Available records: Begin

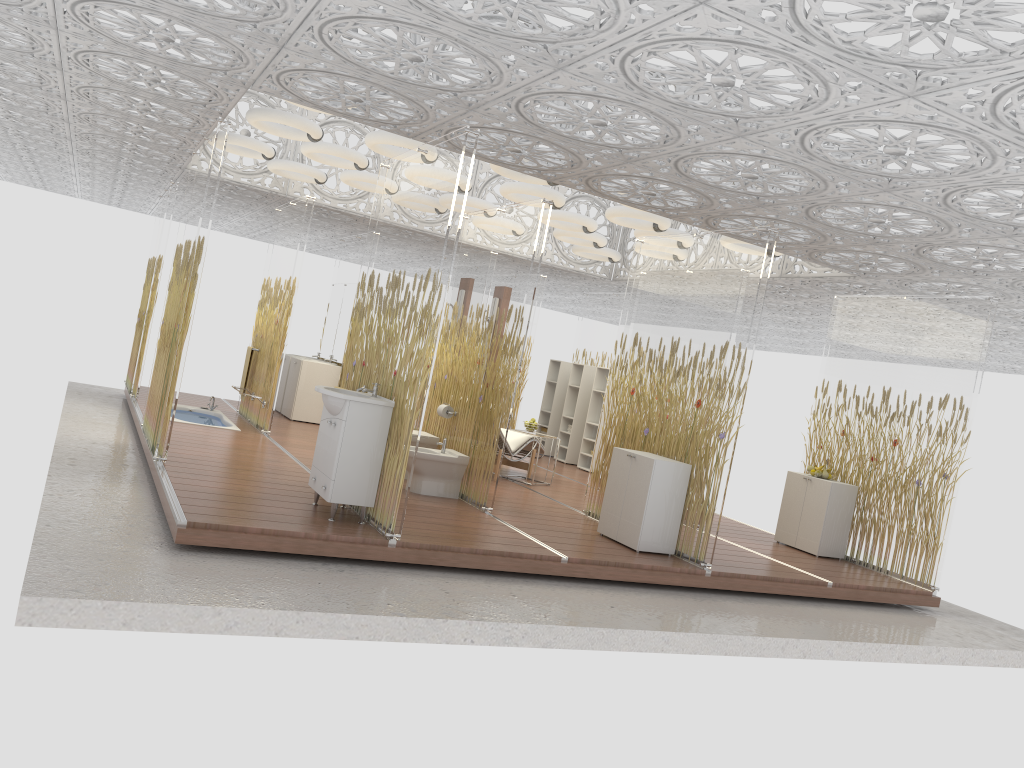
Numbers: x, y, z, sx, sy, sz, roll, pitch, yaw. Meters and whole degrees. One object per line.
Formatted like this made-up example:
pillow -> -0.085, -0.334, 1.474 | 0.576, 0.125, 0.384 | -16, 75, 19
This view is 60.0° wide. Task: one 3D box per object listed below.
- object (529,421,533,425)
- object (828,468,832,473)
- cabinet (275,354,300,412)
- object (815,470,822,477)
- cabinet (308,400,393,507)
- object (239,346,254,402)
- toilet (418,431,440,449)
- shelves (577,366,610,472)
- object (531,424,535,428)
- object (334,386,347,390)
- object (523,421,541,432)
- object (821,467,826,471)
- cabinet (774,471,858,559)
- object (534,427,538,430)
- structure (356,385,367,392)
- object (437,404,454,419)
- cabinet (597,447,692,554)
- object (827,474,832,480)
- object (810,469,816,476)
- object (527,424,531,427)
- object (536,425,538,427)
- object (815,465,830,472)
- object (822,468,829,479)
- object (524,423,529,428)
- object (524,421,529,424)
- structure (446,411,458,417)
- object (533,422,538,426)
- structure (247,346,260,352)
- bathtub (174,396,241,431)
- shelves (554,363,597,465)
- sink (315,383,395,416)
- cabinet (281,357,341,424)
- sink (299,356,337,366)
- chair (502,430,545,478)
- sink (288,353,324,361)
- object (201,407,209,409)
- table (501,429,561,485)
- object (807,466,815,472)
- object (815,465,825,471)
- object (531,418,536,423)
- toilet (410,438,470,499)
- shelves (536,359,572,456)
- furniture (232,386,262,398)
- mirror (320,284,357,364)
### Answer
object -> 0.209, 0.426, 9.773 | 0.047, 0.045, 0.047 | 11, 1, -25
object -> 3.100, 0.862, 8.832 | 0.186, 0.079, 0.051 | 12, 1, 42
cabinet -> -2.981, 0.018, 12.476 | 0.549, 0.782, 0.643 | 11, 1, -26
object -> 2.997, 0.877, 8.700 | 0.066, 0.065, 0.091 | 11, 1, -11
cabinet -> -1.101, 0.424, 6.004 | 0.316, 0.678, 0.580 | 11, 1, -26
object -> -3.169, -0.123, 10.573 | 0.042, 0.656, 0.283 | 11, 1, -26
toilet -> -1.074, 0.649, 8.347 | 0.611, 0.437, 0.401 | 11, 1, -26
shelves -> 1.290, 0.511, 12.489 | 0.344, 1.460, 0.366 | 11, 1, -26
object -> 0.228, 0.464, 9.776 | 0.047, 0.045, 0.047 | 11, 1, -22
object -> -1.288, 0.240, 6.583 | 0.042, 0.427, 0.295 | 11, 1, -35
object -> 0.210, 0.481, 9.833 | 0.206, 0.105, 0.206 | 11, 1, 19
object -> 3.059, 0.855, 8.789 | 0.032, 0.085, 0.186 | 11, 1, -15
cabinet -> 2.992, 1.280, 8.750 | 0.358, 0.712, 0.595 | 11, 1, -26
object -> 0.262, 0.490, 9.826 | 0.045, 0.042, 0.045 | 11, 1, -31
structure -> -1.202, 0.074, 6.542 | 0.115, 0.183, 0.405 | 11, 1, -28
object -> -0.609, 0.251, 8.118 | 0.115, 0.115, 0.131 | 11, 1, -26
cabinet -> 1.050, 0.923, 7.103 | 0.358, 0.712, 0.595 | 11, 1, -26
object -> 3.109, 0.911, 8.715 | 0.066, 0.055, 0.055 | 11, 1, 22
object -> 2.975, 0.875, 8.755 | 0.056, 0.066, 0.053 | 11, 1, -24
object -> 0.184, 0.459, 9.782 | 0.040, 0.040, 0.039 | 11, 1, -34
object -> 0.259, 0.459, 9.866 | 0.055, 0.048, 0.054 | 11, 1, -33
object -> 3.084, 0.851, 8.784 | 0.045, 0.064, 0.202 | 11, 1, -22
object -> 3.069, 0.875, 8.678 | 0.064, 0.097, 0.064 | 11, 1, -35
object -> 0.166, 0.453, 9.819 | 0.058, 0.058, 0.058 | 12, 1, 31
object -> 0.161, 0.434, 9.862 | 0.047, 0.048, 0.047 | 12, 1, 26
structure -> -0.576, 0.258, 8.113 | 0.080, 0.047, 0.215 | 11, 1, -26
object -> 0.258, 0.447, 9.811 | 0.050, 0.054, 0.055 | 12, 1, 33
structure -> -3.088, -0.421, 10.581 | 0.078, 0.047, 0.442 | 11, 1, -26
bathtub -> -3.565, 0.464, 10.010 | 0.700, 0.582, 1.700 | 11, 1, -26
shelves -> 0.989, 0.442, 13.121 | 0.344, 1.460, 0.366 | 11, 1, -26
sink -> -1.096, 0.093, 5.968 | 0.454, 0.263, 0.603 | 11, 1, -26
cabinet -> -2.673, 0.088, 11.830 | 0.549, 0.782, 0.643 | 11, 1, -26
sink -> -2.589, -0.271, 11.834 | 0.499, 0.266, 0.573 | 11, 1, -23
chair -> -0.184, 0.606, 9.930 | 0.635, 0.811, 1.787 | 11, 1, 24
sink -> -2.896, -0.341, 12.479 | 0.499, 0.266, 0.573 | 11, 1, -29
object -> -3.742, 0.294, 10.791 | 0.108, 0.011, 0.065 | 11, 1, -17
table -> 0.213, 0.812, 9.853 | 0.420, 0.535, 0.420 | 12, 1, 34
object -> 2.972, 0.848, 8.815 | 0.077, 0.067, 0.078 | 11, 1, -25
object -> 3.033, 0.827, 8.776 | 0.035, 0.084, 0.200 | 11, 1, -4
object -> 0.234, 0.405, 9.830 | 0.055, 0.056, 0.055 | 11, 1, -26
toilet -> -0.745, 0.695, 7.667 | 0.611, 0.506, 0.401 | 11, 1, -26
shelves -> 0.688, 0.374, 13.753 | 0.344, 1.460, 0.366 | 11, 1, -26
furniture -> -2.955, 0.087, 9.856 | 0.178, 0.014, 0.977 | 11, 1, -26
mirror -> -2.396, -0.854, 12.258 | 0.009, 1.081, 1.422 | 11, 1, -26

Available records: End

Task statement:
Only the lines above from the one with "- object (524,421,529,424)" up to and including the one with "- object (531,418,536,423)" should be repeated, exactly as written.

Answer space:
- object (524,421,529,424)
- structure (446,411,458,417)
- object (533,422,538,426)
- structure (247,346,260,352)
- bathtub (174,396,241,431)
- shelves (554,363,597,465)
- sink (315,383,395,416)
- cabinet (281,357,341,424)
- sink (299,356,337,366)
- chair (502,430,545,478)
- sink (288,353,324,361)
- object (201,407,209,409)
- table (501,429,561,485)
- object (807,466,815,472)
- object (815,465,825,471)
- object (531,418,536,423)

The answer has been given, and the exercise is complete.